Thursday, July 12, 2012

If the Shoe Fits, You Must Not Calculate It (Part III)

In R v T (see posts of July 9 and 10), the Court of Appeal for England and Wales was distressed that a footwear analyst used a database on the characteristics of shoes to verify his holistic impression that the forensic science evidence—the correspondence between the defendant’s shoes and the marks at a murder scene—constituted "a moderate degree of scientific evidence to support the view that the [shoes] had made the footwear marks." The court had this to say (in part) about the resort to the database:
Mr Ryder used the internal database of the FSS to examine the frequency of pattern. This recorded the number of shoes received by the FSS (in contradistinction to the number distributed within the United Kingdom ... ). The FSS database comprised approximately 0.00006 per cent of all shoes sold in a year. ...

It is evident from the way in which Mr Ryder identified the figures to be used in the formula for pattern and size that none has any degree of precision. The figure for pattern could never be accurately known. For example, there were only distribution figures for the United Kingdom of shoes distributed by Nike; these left out of account the Footlocker shoes and counterfeits. ...

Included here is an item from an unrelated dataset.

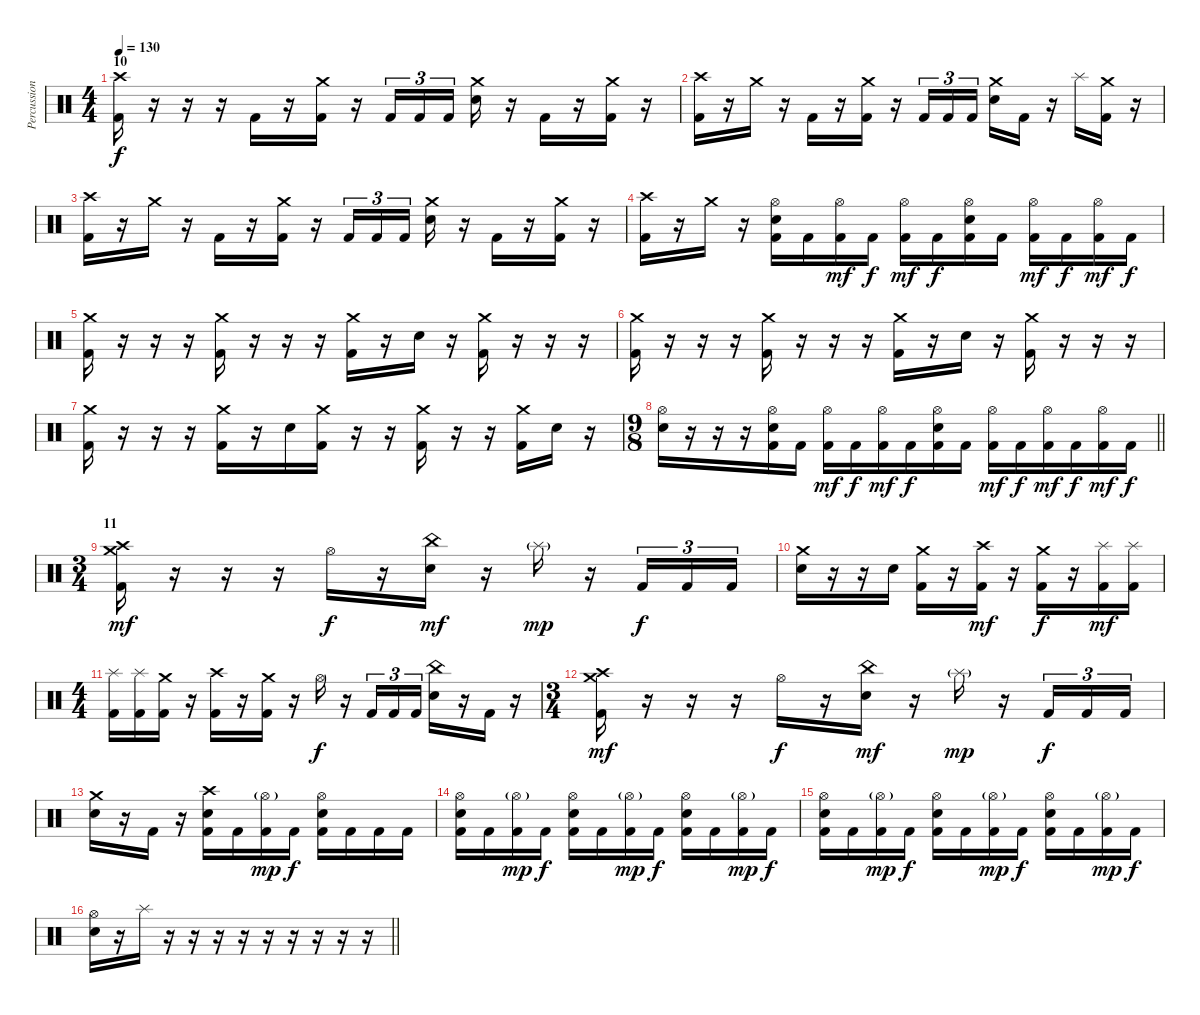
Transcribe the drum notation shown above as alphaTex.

More importantly, the purchase and use [of] footwear is also subject to numerous other factors such as fashion, counterfeiting, distribution, local availability and the length of time footwear is kept. A particular shoe might be very common in one area because a retailer has bought a large number or because the price is discounted or because of fashion or choice by a group of people in that area. There is no way in which the effect of these factors has presently been statistically measured; it would appear extremely difficult to do so, but it is an issue that can no doubt be explored for the future.

It is important to appreciate that the data on footwear distribution and use is quite unlike DNA. A person’s DNA does not change and a solid statistical base has been developed which enable accurate figures to be produced. Indeed as was accepted by Mr Ryder, the data for footwear sole patterns is a small proportion of what is in use and changes rapidly. [I]t would for these reasons be dangerous to use a straight statistical model.

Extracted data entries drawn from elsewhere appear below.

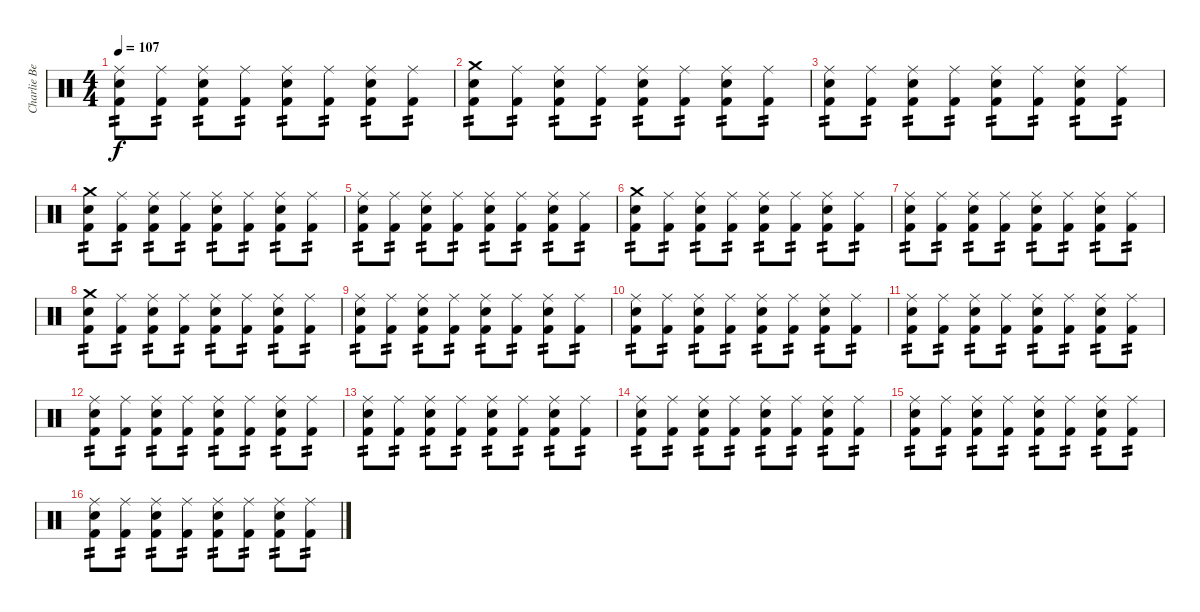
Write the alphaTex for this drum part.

\track ("Charlie Benante" "Charlie Be") {instrument percussion}
\staff {score}
\articulation defaults
\ts (4 4)
\tempo 107
\clef neutral
\ks c
("Ride (middle)" "Electric Snare (hit)" "Kick (hit) 2").8{tp 2 dy f} ("Ride (middle)" "Kick (hit) 2").8{tp 2} ("Ride (middle)" "Electric Snare (hit)" "Kick (hit) 2").8{tp 2} ("Ride (middle)" "Kick (hit) 2").8{tp 2} ("Ride (middle)" "Electric Snare (hit)" "Kick (hit) 2").8{tp 2} ("Ride (middle)" "Kick (hit) 2").8{tp 2} ("Ride (middle)" "Electric Snare (hit)" "Kick (hit) 2").8{tp 2} ("Ride (middle)" "Kick (hit) 2").8{tp 2} |
("Crash medium (hit)" "Electric Snare (hit)" "Kick (hit) 2").8{tp 2} ("Ride (middle)" "Kick (hit) 2").8{tp 2} ("Ride (middle)" "Electric Snare (hit)" "Kick (hit) 2").8{tp 2} ("Ride (middle)" "Kick (hit) 2").8{tp 2} ("Ride (middle)" "Electric Snare (hit)" "Kick (hit) 2").8{tp 2} ("Ride (middle)" "Kick (hit) 2").8{tp 2} ("Ride (middle)" "Electric Snare (hit)" "Kick (hit) 2").8{tp 2} ("Ride (middle)" "Kick (hit) 2").8{tp 2} |
("Ride (middle)" "Electric Snare (hit)" "Kick (hit) 2").8{tp 2} ("Ride (middle)" "Kick (hit) 2").8{tp 2} ("Ride (middle)" "Electric Snare (hit)" "Kick (hit) 2").8{tp 2} ("Ride (middle)" "Kick (hit) 2").8{tp 2} ("Ride (middle)" "Electric Snare (hit)" "Kick (hit) 2").8{tp 2} ("Ride (middle)" "Kick (hit) 2").8{tp 2} ("Ride (middle)" "Electric Snare (hit)" "Kick (hit) 2").8{tp 2} ("Ride (middle)" "Kick (hit) 2").8{tp 2} |
("Crash medium (hit)" "Electric Snare (hit)" "Kick (hit) 2").8{tp 2} ("Ride (middle)" "Kick (hit) 2").8{tp 2} ("Ride (middle)" "Electric Snare (hit)" "Kick (hit) 2").8{tp 2} ("Ride (middle)" "Kick (hit) 2").8{tp 2} ("Ride (middle)" "Electric Snare (hit)" "Kick (hit) 2").8{tp 2} ("Ride (middle)" "Kick (hit) 2").8{tp 2} ("Ride (middle)" "Electric Snare (hit)" "Kick (hit) 2").8{tp 2} ("Ride (middle)" "Kick (hit) 2").8{tp 2} |
("Ride (middle)" "Electric Snare (hit)" "Kick (hit) 2").8{tp 2} ("Ride (middle)" "Kick (hit) 2").8{tp 2} ("Ride (middle)" "Electric Snare (hit)" "Kick (hit) 2").8{tp 2} ("Ride (middle)" "Kick (hit) 2").8{tp 2} ("Ride (middle)" "Electric Snare (hit)" "Kick (hit) 2").8{tp 2} ("Ride (middle)" "Kick (hit) 2").8{tp 2} ("Ride (middle)" "Electric Snare (hit)" "Kick (hit) 2").8{tp 2} ("Ride (middle)" "Kick (hit) 2").8{tp 2} |
("Crash medium (hit)" "Electric Snare (hit)" "Kick (hit) 2").8{tp 2} ("Ride (middle)" "Kick (hit) 2").8{tp 2} ("Ride (middle)" "Electric Snare (hit)" "Kick (hit) 2").8{tp 2} ("Ride (middle)" "Kick (hit) 2").8{tp 2} ("Ride (middle)" "Electric Snare (hit)" "Kick (hit) 2").8{tp 2} ("Ride (middle)" "Kick (hit) 2").8{tp 2} ("Ride (middle)" "Electric Snare (hit)" "Kick (hit) 2").8{tp 2} ("Ride (middle)" "Kick (hit) 2").8{tp 2} |
("Ride (middle)" "Electric Snare (hit)" "Kick (hit) 2").8{tp 2} ("Ride (middle)" "Kick (hit) 2").8{tp 2} ("Ride (middle)" "Electric Snare (hit)" "Kick (hit) 2").8{tp 2} ("Ride (middle)" "Kick (hit) 2").8{tp 2} ("Ride (middle)" "Electric Snare (hit)" "Kick (hit) 2").8{tp 2} ("Ride (middle)" "Kick (hit) 2").8{tp 2} ("Ride (middle)" "Electric Snare (hit)" "Kick (hit) 2").8{tp 2} ("Ride (middle)" "Kick (hit) 2").8{tp 2} |
("Crash medium (hit)" "Electric Snare (hit)" "Kick (hit) 2").8{tp 2} ("Ride (middle)" "Kick (hit) 2").8{tp 2} ("Ride (middle)" "Electric Snare (hit)" "Kick (hit) 2").8{tp 2} ("Ride (middle)" "Kick (hit) 2").8{tp 2} ("Ride (middle)" "Electric Snare (hit)" "Kick (hit) 2").8{tp 2} ("Ride (middle)" "Kick (hit) 2").8{tp 2} ("Ride (middle)" "Electric Snare (hit)" "Kick (hit) 2").8{tp 2} ("Ride (middle)" "Kick (hit) 2").8{tp 2} |
("Ride (middle)" "Electric Snare (hit)" "Kick (hit) 2").8{tp 2} ("Ride (middle)" "Kick (hit) 2").8{tp 2} ("Ride (middle)" "Electric Snare (hit)" "Kick (hit) 2").8{tp 2} ("Ride (middle)" "Kick (hit) 2").8{tp 2} ("Ride (middle)" "Electric Snare (hit)" "Kick (hit) 2").8{tp 2} ("Ride (middle)" "Kick (hit) 2").8{tp 2} ("Ride (middle)" "Electric Snare (hit)" "Kick (hit) 2").8{tp 2} ("Ride (middle)" "Kick (hit) 2").8{tp 2} |
("Ride (middle)" "Electric Snare (hit)" "Kick (hit) 2").8{tp 2} ("Ride (middle)" "Kick (hit) 2").8{tp 2} ("Ride (middle)" "Electric Snare (hit)" "Kick (hit) 2").8{tp 2} ("Ride (middle)" "Kick (hit) 2").8{tp 2} ("Ride (middle)" "Electric Snare (hit)" "Kick (hit) 2").8{tp 2} ("Ride (middle)" "Kick (hit) 2").8{tp 2} ("Ride (middle)" "Electric Snare (hit)" "Kick (hit) 2").8{tp 2} ("Ride (middle)" "Kick (hit) 2").8{tp 2} |
("Ride (middle)" "Electric Snare (hit)" "Kick (hit) 2").8{tp 2} ("Ride (middle)" "Kick (hit) 2").8{tp 2} ("Ride (middle)" "Electric Snare (hit)" "Kick (hit) 2").8{tp 2} ("Ride (middle)" "Kick (hit) 2").8{tp 2} ("Ride (middle)" "Electric Snare (hit)" "Kick (hit) 2").8{tp 2} ("Ride (middle)" "Kick (hit) 2").8{tp 2} ("Ride (middle)" "Electric Snare (hit)" "Kick (hit) 2").8{tp 2} ("Ride (middle)" "Kick (hit) 2").8{tp 2} |
("Ride (middle)" "Electric Snare (hit)" "Kick (hit) 2").8{tp 2} ("Ride (middle)" "Kick (hit) 2").8{tp 2} ("Ride (middle)" "Electric Snare (hit)" "Kick (hit) 2").8{tp 2} ("Ride (middle)" "Kick (hit) 2").8{tp 2} ("Ride (middle)" "Electric Snare (hit)" "Kick (hit) 2").8{tp 2} ("Ride (middle)" "Kick (hit) 2").8{tp 2} ("Ride (middle)" "Electric Snare (hit)" "Kick (hit) 2").8{tp 2} ("Ride (middle)" "Kick (hit) 2").8{tp 2} |
("Ride (middle)" "Electric Snare (hit)" "Kick (hit) 2").8{tp 2} ("Ride (middle)" "Kick (hit) 2").8{tp 2} ("Ride (middle)" "Electric Snare (hit)" "Kick (hit) 2").8{tp 2} ("Ride (middle)" "Kick (hit) 2").8{tp 2} ("Ride (middle)" "Electric Snare (hit)" "Kick (hit) 2").8{tp 2} ("Ride (middle)" "Kick (hit) 2").8{tp 2} ("Ride (middle)" "Electric Snare (hit)" "Kick (hit) 2").8{tp 2} ("Ride (middle)" "Kick (hit) 2").8{tp 2} |
("Ride (middle)" "Electric Snare (hit)" "Kick (hit) 2").8{tp 2} ("Ride (middle)" "Kick (hit) 2").8{tp 2} ("Ride (middle)" "Electric Snare (hit)" "Kick (hit) 2").8{tp 2} ("Ride (middle)" "Kick (hit) 2").8{tp 2} ("Ride (middle)" "Electric Snare (hit)" "Kick (hit) 2").8{tp 2} ("Ride (middle)" "Kick (hit) 2").8{tp 2} ("Ride (middle)" "Electric Snare (hit)" "Kick (hit) 2").8{tp 2} ("Ride (middle)" "Kick (hit) 2").8{tp 2} |
("Ride (middle)" "Electric Snare (hit)" "Kick (hit) 2").8{tp 2} ("Ride (middle)" "Kick (hit) 2").8{tp 2} ("Ride (middle)" "Electric Snare (hit)" "Kick (hit) 2").8{tp 2} ("Ride (middle)" "Kick (hit) 2").8{tp 2} ("Ride (middle)" "Electric Snare (hit)" "Kick (hit) 2").8{tp 2} ("Ride (middle)" "Kick (hit) 2").8{tp 2} ("Ride (middle)" "Electric Snare (hit)" "Kick (hit) 2").8{tp 2} ("Ride (middle)" "Kick (hit) 2").8{tp 2} |
("Ride (middle)" "Electric Snare (hit)" "Kick (hit) 2").8{tp 2} ("Ride (middle)" "Kick (hit) 2").8{tp 2} ("Ride (middle)" "Electric Snare (hit)" "Kick (hit) 2").8{tp 2} ("Ride (middle)" "Kick (hit) 2").8{tp 2} ("Ride (middle)" "Electric Snare (hit)" "Kick (hit) 2").8{tp 2} ("Ride (middle)" "Kick (hit) 2").8{tp 2} ("Ride (middle)" "Electric Snare (hit)" "Kick (hit) 2").8{tp 2} ("Ride (middle)" "Kick (hit) 2").8{tp 2}

Use of the FSS’s own database could not have produced reliable figures as it had only 8,122 shoes whereas some 42 million are sold every year. [T]he likelihood ratio calculated by using figures for the population as a whole is completely different from that calculated using the figures used by Mr Ryder based on the FSS database. There is also the further difficulty, even if it could be used for this purpose, that the data are the property of the FSS and are not routinely available to all examiners. It is only available in a particular case to an examiner appointed to consider the report of an FSS examiner.
The court’s uneasiness with the database involves two considerations—sample size and relevance. Each merits discussion.

Sample Size

The court’s dismissal of the sample as a mere "0.00006 per cent of all shoes sold in a year" stems from the intuition that accurate estimation of a population proportion requires a sample that constitutes a large fraction of the population of interest. This perception is common but statistically naïve. If the sample is random and the population is very large compared to the sample, the statistical uncertainty in the estimate depends on the absolute size of the sample, not the sample size relative to the population size.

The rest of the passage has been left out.